Creativity and the Edge of the Living Moment
On presence, imagination, and the strange feeling of waking up
Dear Living Dark reader,
I’m writing this to you with just a single point to make or perspective to pass along: The edge of the living moment is what creativity is all about. In fact, it’s what everything is about. Because, in point of fact, only the present moment is real. We commonly forget this and obscure it from ourselves by (mis)identifying with our thoughts, which pretend to deal with non-existent things that we call “the past” and “the future.” This confusion spins off into all manner of imaginary trouble that we insist on addressing as real.
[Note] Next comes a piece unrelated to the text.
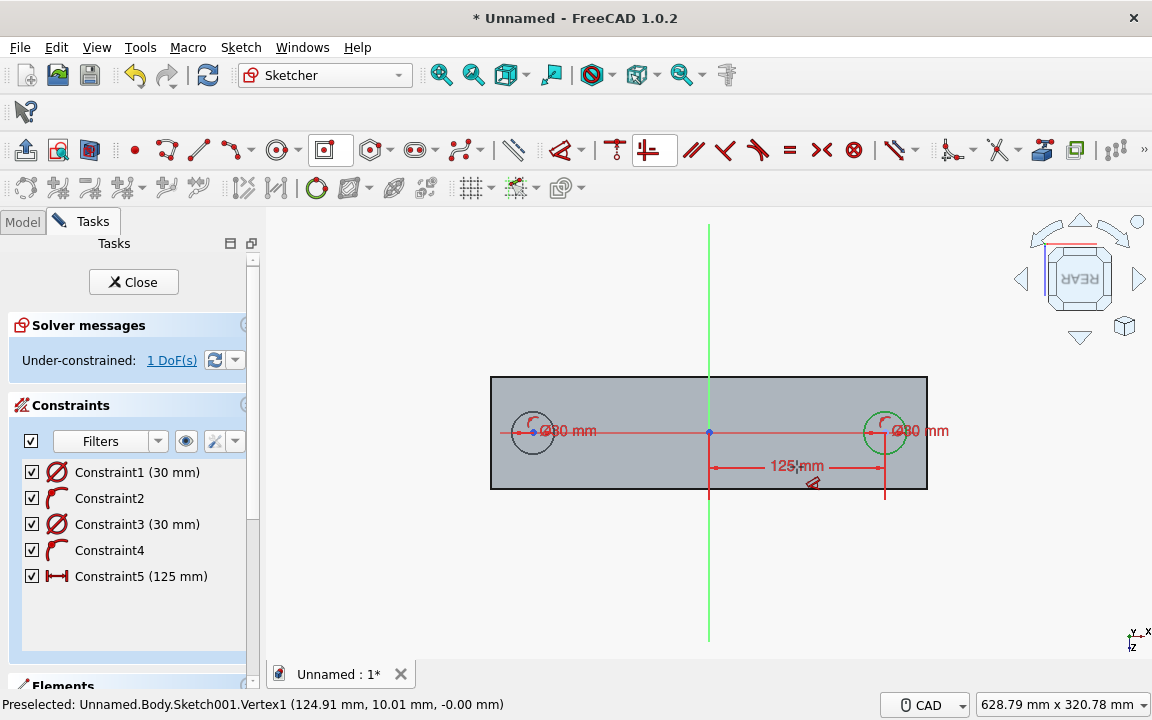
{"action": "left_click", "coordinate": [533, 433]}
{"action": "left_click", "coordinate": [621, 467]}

The result is paralysis, or at least difficulty, in both our creativity and our lives, two things that, at root, really aren’t two at all, but just different names for the same living experience.
Having said that, here’s the background to why I’m taking a moment to articulate these things in this communication.
First, yesterday I became aware of something
had said in a recent post or essay at her online newsletter, Notes on Radiant Presence, which is devoted to discussing and exploring the work and words of the late, great nondual teacher Peter Brown. In “Waking Life Is Just Another Dream“—provocatively subtitled “Reality is the ultimate virtual reality machine”—Evans said the following:Every apparent “thing” in my experience is in constant flux, and each moment is gone as soon as it appears, leaving little to no trace of what it seemed to be.
With only a little bit of acute observation of our direct experience, we can discover that the waking state only seems solid and constant. It’s actually a dynamic flow of experiential qualities that’s quite similar to the transient, illusory nature of a dream.
For those who have done some real, honest looking at their own experience—or, as Brown helpfully referred to it, their own field of experience—the truth of these words is self-evident. And it’s a truth that is thoroughly and fundamentally mind-blowing while also being the only thing we have ever really known.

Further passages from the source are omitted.